Price wise, this is comparable to the CREE and cheaper than the HALO.  If you need a wet-rated fixture, this is a worthy choice.

Next up is the Commercial Electric Light Disk.  The light quality is similar to the above product at 3000K and a CRI of 80.  OK, but not on par with the CREE CR6.  However, it does have two big advantages going for it.  It is brighter that either the CREE or the Cooper products.  Not hugely so, but brighter.  Commercial Electric  LED Disk Light

And the big feature in it’s flexibility is the ability to fix in either 5″ or 6″ cans or, uniquely surface mounted right on a 4″ junction box–a surface mounted fixture with a recessed light look.  There might be some very useful applications for this, from closets to simple retrofits would you want a sleeker modern look to replace a clunky looking surface fixture. 
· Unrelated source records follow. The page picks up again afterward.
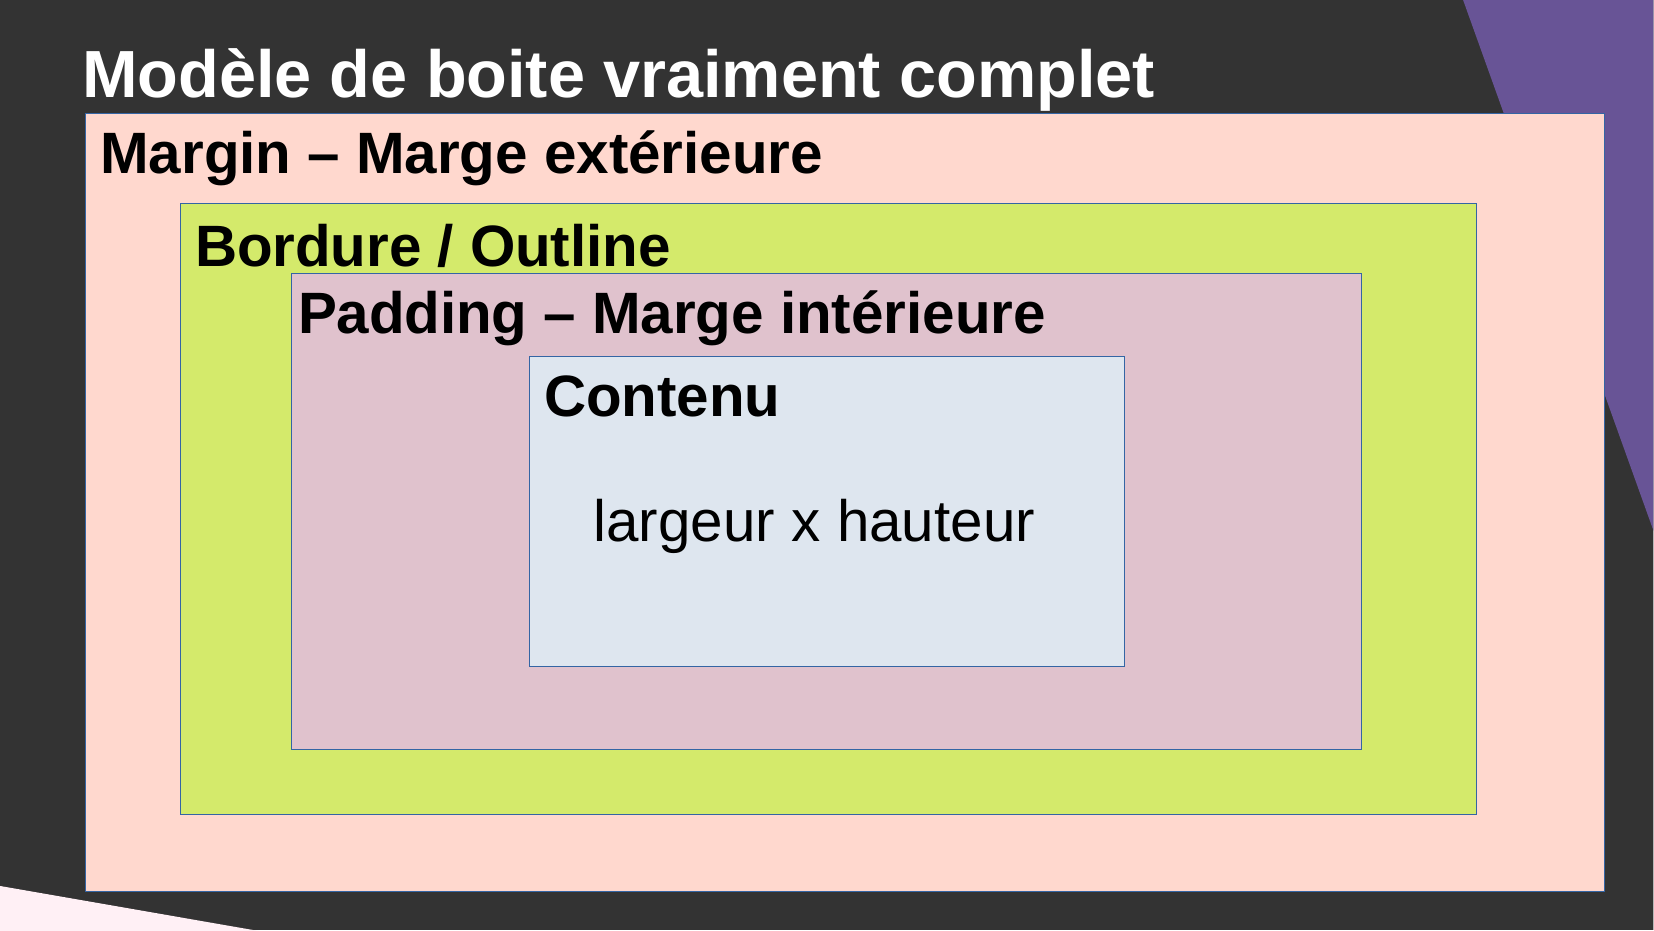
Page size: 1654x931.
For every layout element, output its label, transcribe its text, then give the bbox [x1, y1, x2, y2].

text_box Margin – Marge extérieure [85, 113, 1079, 194]
text_box [85, 0, 1654, 892]
text_box Bordure / Outline [180, 205, 1173, 286]
text_box Contenu [529, 356, 839, 437]
text_box Padding – Marge intérieure [283, 273, 1276, 354]
text_box largeur x hauteur [578, 481, 1075, 562]
title Modèle de boite vraiment complet [82, 37, 1571, 112]
text_box [0, 885, 259, 931]

We’ll keep evaluating and reviewing as the technology evolves, and we’ll keep you posted on anything interesting.

Cheers,
Mike

Staying Cool…How to Save Energy in the Kitchen this Summer

May 31, 2011

We had seven visitors this Memorial Day weekend for what’s become an annual rite—my wife’s family runs in the Burlington Marathon.  With the extra people, and the need to keep them fed, including with the pre-race, pasta-fueled, carbo-loading, I found myself thinking how to stay cool in the kitchen.  And how to save energy.  [If I can brag a bit on my daughter, this is also now an issue since she has embraced baking and is doing amazing things.  Her baking is also impacting my waist size!]
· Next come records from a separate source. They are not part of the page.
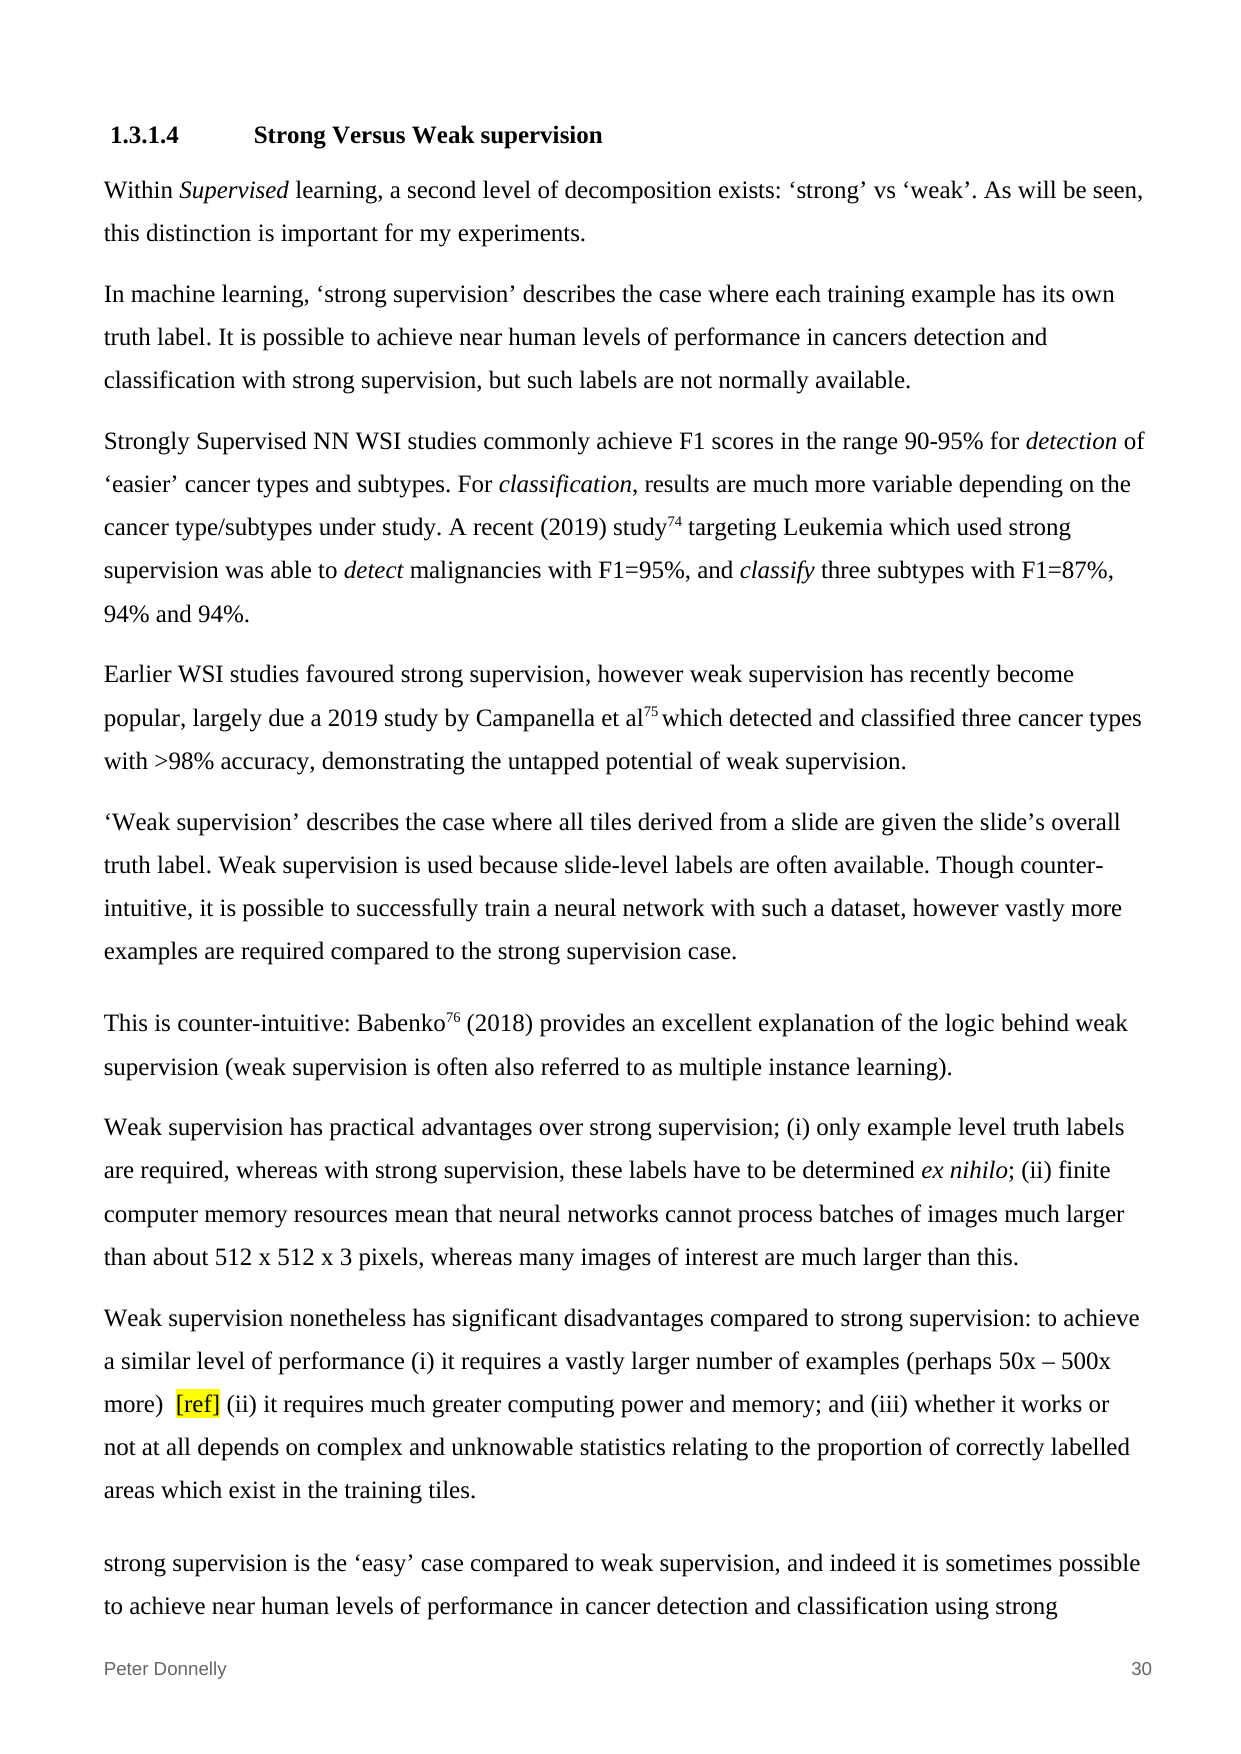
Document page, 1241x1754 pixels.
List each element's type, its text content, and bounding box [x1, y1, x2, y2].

text Weak supervision nonetheless has significant disadvantages compared to strong supervision: to achieve a similar level of performance (i) it requires a vastly larger number of examples (perhaps 50x – 500x more) [ref] (ii) it requires much greater computing power and memory; and (iii) whether it works or not at all depends on complex and unknowable statistics relating to the proportion of correctly labelled areas which exist in the training tiles. [103, 1303, 1146, 1504]
text This is counter-intuitive: Babenko (2018) provides an excellent explanation of the logic behind weak supervision (weak supervision is often also referred to as multiple instance learning). [103, 1008, 1146, 1080]
text Within Supervised learning, a second level of decomposition exists: ‘strong’ vs ‘weak’. As will be seen, this distinction is important for my experiments. [103, 175, 1146, 247]
text strong supervision is the ‘easy’ case compared to weak supervision, and indeed it is sometimes possible to achieve near human levels of performance in cancer detection and classification using strong [103, 1548, 1146, 1620]
text In machine learning, ‘strong supervision’ describes the case where each training example has its own truth label. It is possible to achieve near human levels of performance in cancers detection and classification with strong supervision, but such labels are not normally available. [103, 279, 1146, 394]
subtitle Strong Versus Weak supervision [103, 120, 1146, 148]
text ‘Weak supervision’ describes the case where all tiles derived from a slide are given the slide’s overall truth label. Weak supervision is used because slide-level labels are often available. Though counter-intuitive, it is possible to successfully train a neural network with such a dataset, however vastly more examples are required compared to the strong supervision case. [103, 807, 1146, 965]
text Weak supervision has practical advantages over strong supervision; (i) only example level truth labels are required, whereas with strong supervision, these labels have to be determined ex nihilo; (ii) finite computer memory resources mean that neural networks cannot process batches of images much larger than about 512 x 512 x 3 pixels, whereas many images of interest are much larger than this. [103, 1112, 1146, 1271]
text Strongly Supervised NN WSI studies commonly achieve F1 scores in the range 90-95% for detection of ‘easier’ cancer types and subtypes. For classification, results are much more variable depending on the cancer type/subtypes under study. A recent (2019) study targeting Leukemia which used strong supervision was able to detect malignancies with F1=95%, and classify three subtypes with F1=87%, 94% and 94%. [103, 426, 1146, 627]
text Earlier WSI studies favoured strong supervision, however weak supervision has recently become popular, largely due a 2019 study by Campanella et al which detected and classified three cancer types with >98% accuracy, demonstrating the untapped potential of weak supervision. [103, 659, 1146, 774]

Even in the heat of the summer, you can cook, stay cool, and minimize the fighting the air-conditioner has to do.  There are a few simple strategies.  Reduce the heat you produce.  Remove the heat you do produce.  And chip away at the other energy-savings via efficient lights, appliances, and behaviors as you would elsewhere in the home.

Don’t generate as much heat in the first place.

If you don’t heat up the kitchen, you don’t have to cool it down.  Here are some things you can do, none of them hard, all of them useful.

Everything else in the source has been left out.